Exercise directions →
Beginning with the opening line of the entries, return every line through the one containing "- person (1680,345,1775,546)", both included, and nothing else. Omit pictures.

(Data provided Opens)

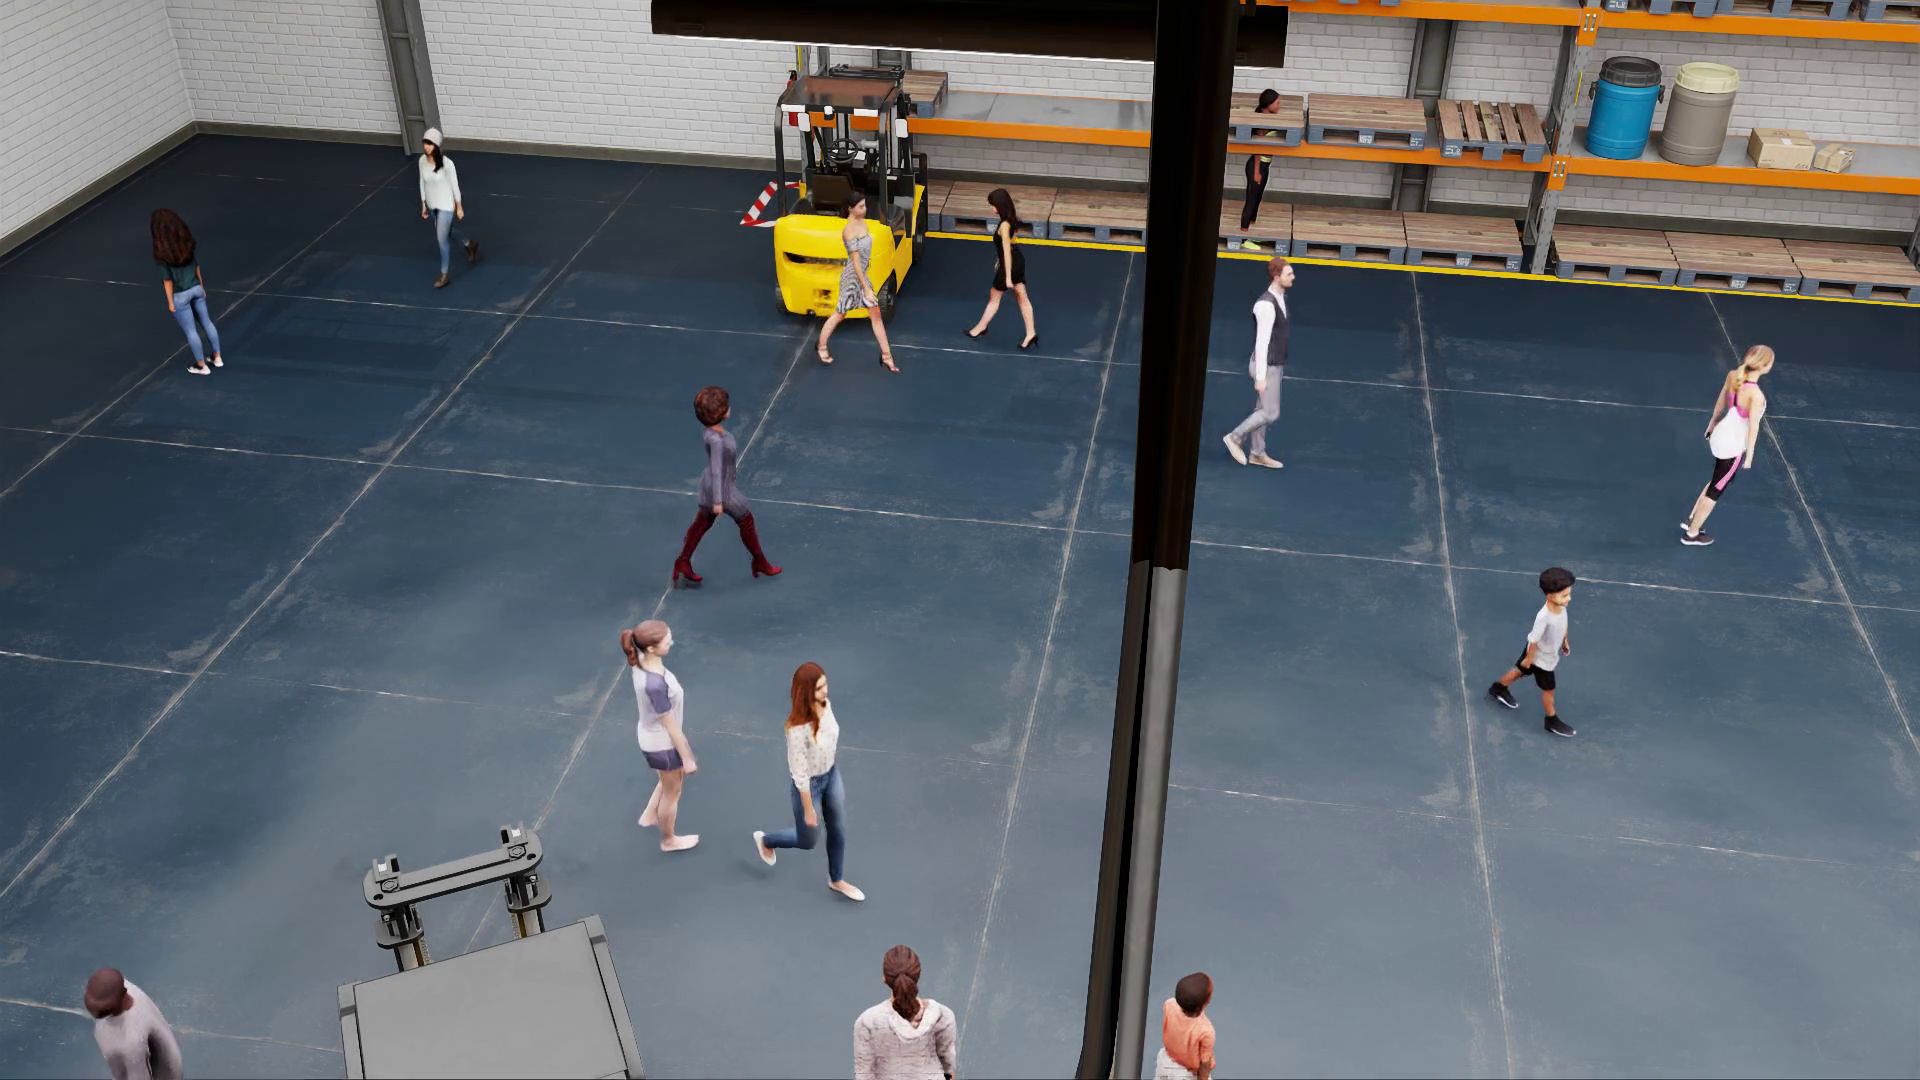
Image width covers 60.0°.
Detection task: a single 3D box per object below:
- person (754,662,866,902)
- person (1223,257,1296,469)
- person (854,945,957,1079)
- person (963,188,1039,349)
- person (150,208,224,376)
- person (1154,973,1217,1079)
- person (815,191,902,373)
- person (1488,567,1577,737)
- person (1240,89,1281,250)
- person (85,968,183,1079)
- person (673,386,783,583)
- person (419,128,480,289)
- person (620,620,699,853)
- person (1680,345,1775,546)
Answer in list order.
[{"bbox_3d":[-0.929,1.423,9.807,1.040,1.710,0.807,18,38,25],"label":"person"},{"bbox_3d":[2.502,-1.486,13.986,0.841,1.928,0.773,15,36,21],"label":"person"},{"bbox_3d":[-0.248,2.698,7.950,1.080,1.642,0.876,-2,34,-3],"label":"person"},{"bbox_3d":[0.571,-2.553,15.893,0.997,1.595,0.623,7,34,11],"label":"person"},{"bbox_3d":[-7.235,-2.322,15.527,0.695,1.616,0.678,18,38,25],"label":"person"},{"bbox_3d":[1.072,2.678,8.309,0.879,1.277,0.873,-28,43,-35],"label":"person"},{"bbox_3d":[-1.069,-2.353,15.437,1.142,1.767,0.741,12,35,17],"label":"person"},{"bbox_3d":[3.917,0.700,11.324,0.940,1.234,0.740,23,40,30],"label":"person"},{"bbox_3d":[3.204,-4.005,17.934,0.590,1.754,0.607,14,36,20],"label":"person"},{"bbox_3d":[-3.884,2.561,8.061,0.851,1.747,0.823,-10,35,-15],"label":"person"},{"bbox_3d":[-1.896,-0.358,12.522,1.152,1.671,0.905,-8,34,-12],"label":"person"},{"bbox_3d":[-5.346,-3.492,17.282,1.048,1.621,0.797,14,36,20],"label":"person"},{"bbox_3d":[-1.888,1.231,10.061,0.759,1.749,0.704,-13,36,-18],"label":"person"},{"bbox_3d":[5.898,-0.711,12.961,0.718,1.773,0.719,-5,34,-7],"label":"person"}]
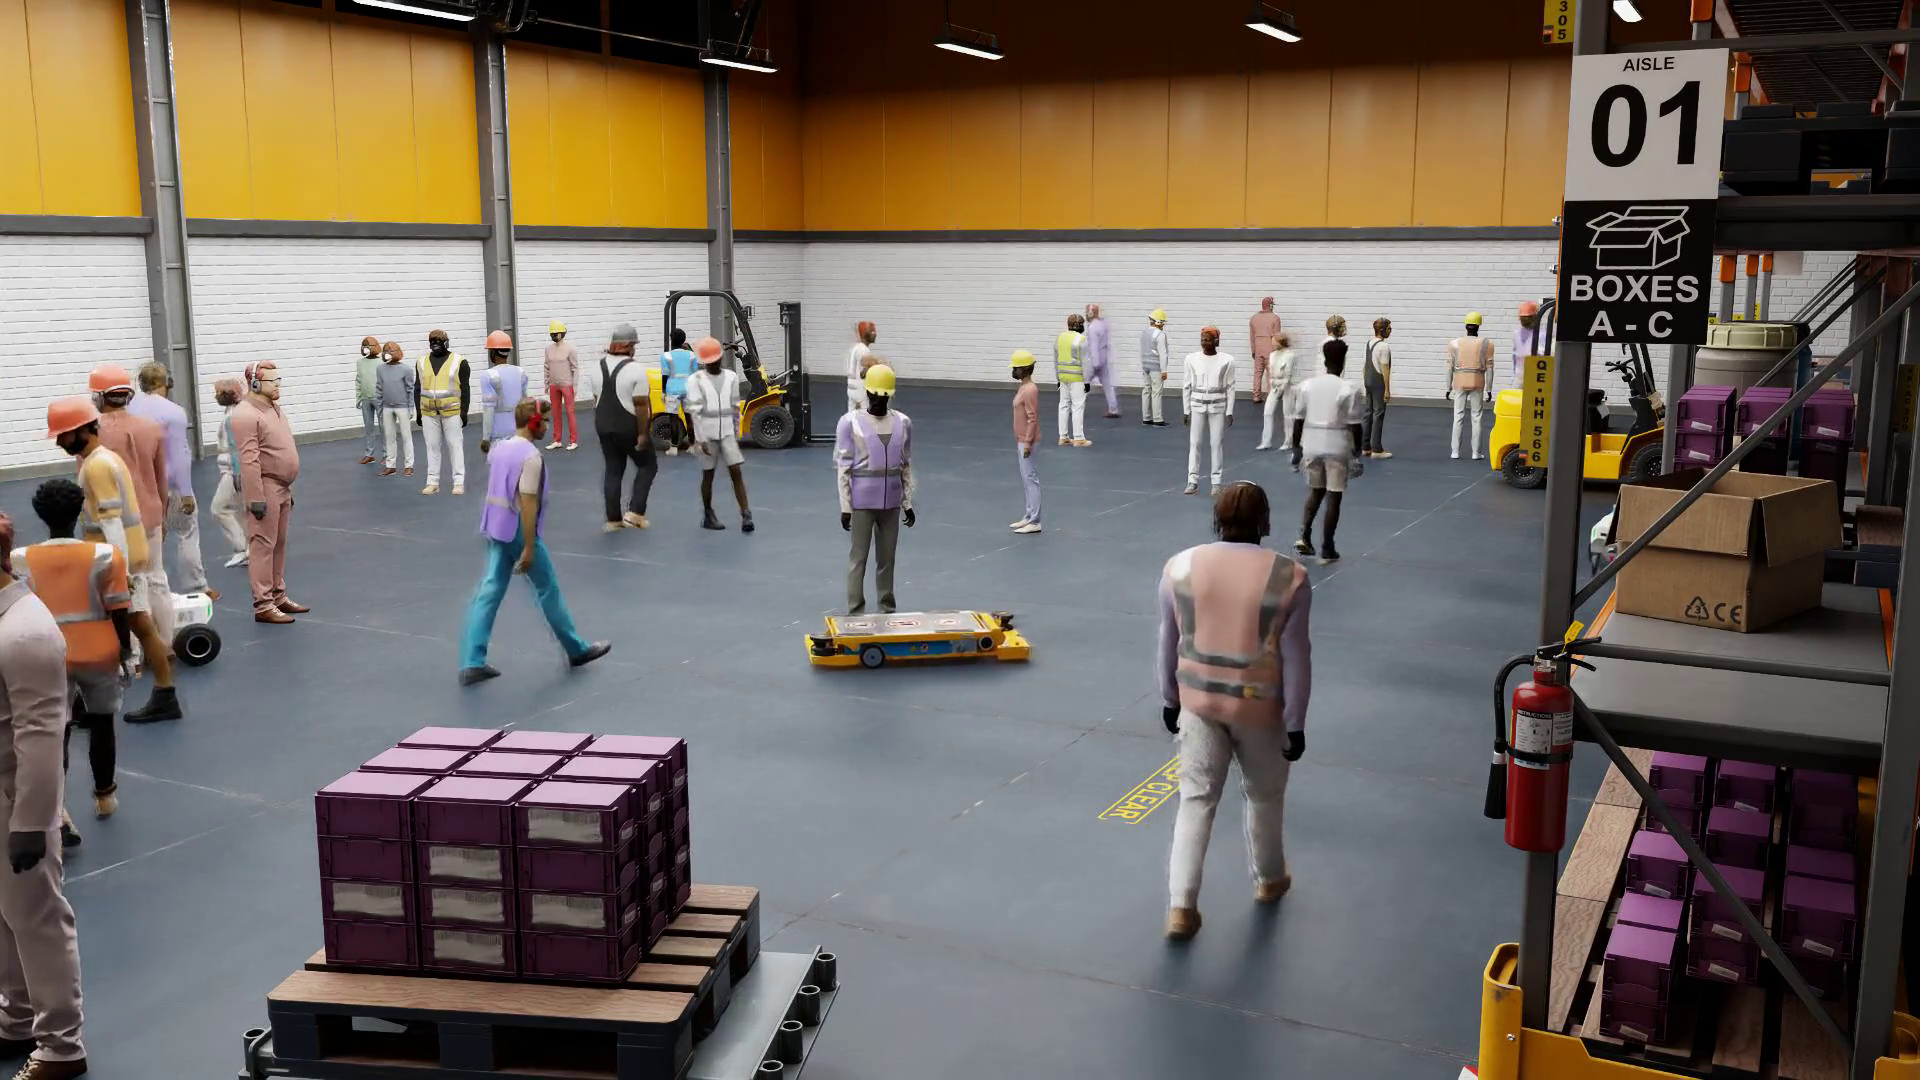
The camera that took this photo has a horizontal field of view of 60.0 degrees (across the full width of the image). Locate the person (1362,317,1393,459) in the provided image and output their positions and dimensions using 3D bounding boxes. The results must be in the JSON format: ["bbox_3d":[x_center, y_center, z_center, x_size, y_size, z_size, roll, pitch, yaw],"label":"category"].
[{"bbox_3d":[5.477,-1.991,21.821,0.327,1.843,0.516,-3,10,-19],"label":"person"}]

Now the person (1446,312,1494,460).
[{"bbox_3d":[6.626,-2.000,21.636,0.595,1.925,0.371,4,11,21],"label":"person"}]

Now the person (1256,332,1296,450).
[{"bbox_3d":[4.294,-2.002,22.546,0.694,1.609,0.507,-7,12,-34],"label":"person"}]

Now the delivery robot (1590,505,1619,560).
[{"bbox_3d":[5.565,-0.056,14.063,0.477,0.478,0.707,5,10,29],"label":"delivery robot"}]

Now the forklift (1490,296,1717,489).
[{"bbox_3d":[7.296,-1.677,18.993,2.313,2.155,1.214,5,11,27],"label":"forklift"}]

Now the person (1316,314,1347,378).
[{"bbox_3d":[4.527,-1.776,20.306,0.376,1.940,0.627,-1,10,-4],"label":"person"}]

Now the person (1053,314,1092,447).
[{"bbox_3d":[1.594,-2.225,23.197,0.429,1.839,0.634,-9,13,-41],"label":"person"}]

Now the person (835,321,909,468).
[{"bbox_3d":[-1.126,-1.798,20.723,0.964,1.832,0.602,-2,10,-13],"label":"person"}]

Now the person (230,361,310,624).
[{"bbox_3d":[-5.038,-0.353,12.166,0.409,1.909,0.642,-1,10,-4],"label":"person"}]

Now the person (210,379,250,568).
[{"bbox_3d":[-6.206,-0.560,14.163,0.410,1.624,0.552,-3,10,-18],"label":"person"}]

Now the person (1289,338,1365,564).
[{"bbox_3d":[3.206,-0.772,14.449,0.619,1.946,0.437,8,13,40],"label":"person"}]

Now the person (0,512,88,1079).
[{"bbox_3d":[-3.087,0.835,5.319,0.654,1.918,0.407,8,13,40],"label":"person"}]

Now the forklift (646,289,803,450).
[{"bbox_3d":[-3.358,-2.392,23.136,2.313,2.155,1.214,-1,10,-5],"label":"forklift"}]

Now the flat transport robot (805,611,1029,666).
[{"bbox_3d":[-0.301,0.646,11.106,1.431,0.197,0.652,-2,10,-9],"label":"flat transport robot"}]

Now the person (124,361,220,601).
[{"bbox_3d":[-6.050,-0.385,12.425,0.670,1.893,0.916,4,11,22],"label":"person"}]

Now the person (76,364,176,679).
[{"bbox_3d":[-5.291,-0.115,10.525,0.390,1.995,0.613,5,11,28],"label":"person"}]

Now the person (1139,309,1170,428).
[{"bbox_3d":[3.019,-2.650,25.708,0.404,1.821,0.587,-5,11,-28],"label":"person"}]

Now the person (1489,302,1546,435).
[{"bbox_3d":[7.960,-2.340,23.434,1.057,1.983,0.625,-7,12,-36],"label":"person"}]

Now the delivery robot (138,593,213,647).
[{"bbox_3d":[-5.278,0.503,10.845,0.707,0.478,0.477,-7,12,-33],"label":"delivery robot"}]

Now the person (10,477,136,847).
[{"bbox_3d":[-4.075,0.552,7.616,0.539,1.667,0.777,-4,11,-21],"label":"person"}]

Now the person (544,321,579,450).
[{"bbox_3d":[-5.455,-2.103,22.700,0.533,1.766,0.326,4,10,21],"label":"person"}]

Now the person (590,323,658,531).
[{"bbox_3d":[-3.221,-1.093,16.058,0.695,2.000,0.536,5,11,26],"label":"person"}]

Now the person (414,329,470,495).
[{"bbox_3d":[-5.766,-1.417,18.512,0.627,1.844,0.429,0,10,1],"label":"person"}]

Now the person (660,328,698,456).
[{"bbox_3d":[-3.720,-1.956,22.042,0.537,1.700,0.318,-6,12,-33],"label":"person"}]

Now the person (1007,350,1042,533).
[{"bbox_3d":[0.616,-0.945,16.005,0.329,1.765,0.533,-1,10,-4],"label":"person"}]

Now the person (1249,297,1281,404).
[{"bbox_3d":[5.475,-3.374,29.653,0.641,1.909,0.409,9,13,42],"label":"person"}]

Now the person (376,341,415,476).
[{"bbox_3d":[-6.802,-1.581,20.057,0.501,1.633,0.283,2,10,12],"label":"person"}]

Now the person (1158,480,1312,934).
[{"bbox_3d":[1.097,0.652,6.664,0.644,1.807,0.871,5,11,25],"label":"person"}]

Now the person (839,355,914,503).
[{"bbox_3d":[-0.887,-1.184,17.837,0.800,1.600,0.496,-1,10,-6],"label":"person"}]

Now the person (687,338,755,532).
[{"bbox_3d":[-2.302,-0.988,15.932,0.562,1.878,0.840,-5,11,-29],"label":"person"}]

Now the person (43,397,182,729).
[{"bbox_3d":[-4.889,0.135,9.399,0.854,1.877,0.568,-3,10,-18],"label":"person"}]

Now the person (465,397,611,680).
[{"bbox_3d":[-2.755,-0.012,10.555,0.999,1.776,0.597,-9,13,-41],"label":"person"}]

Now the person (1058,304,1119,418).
[{"bbox_3d":[2.144,-2.916,27.170,1.041,1.849,0.642,5,11,27],"label":"person"}]

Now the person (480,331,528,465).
[{"bbox_3d":[-4.437,-1.057,16.150,0.359,1.938,0.547,6,11,31],"label":"person"}]

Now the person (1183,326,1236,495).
[{"bbox_3d":[2.768,-1.440,18.529,0.574,1.881,0.358,3,10,15],"label":"person"}]

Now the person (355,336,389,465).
[{"bbox_3d":[-7.464,-1.773,21.168,0.499,1.634,0.279,2,10,14],"label":"person"}]

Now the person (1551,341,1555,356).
[{"bbox_3d":[8.462,-2.188,23.148,0.591,1.777,0.938,7,12,36],"label":"person"}]

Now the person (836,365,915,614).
[{"bbox_3d":[-0.576,-0.267,11.632,0.584,1.919,0.381,-6,12,-32],"label":"person"}]

(Data provided Closes)

Task result →
Image width covers 60.0°.
Detection task: a single 3D box per object below:
- person (754,662,866,902)
- person (1223,257,1296,469)
- person (854,945,957,1079)
- person (963,188,1039,349)
- person (150,208,224,376)
- person (1154,973,1217,1079)
- person (815,191,902,373)
- person (1488,567,1577,737)
- person (1240,89,1281,250)
- person (85,968,183,1079)
- person (673,386,783,583)
- person (419,128,480,289)
- person (620,620,699,853)
- person (1680,345,1775,546)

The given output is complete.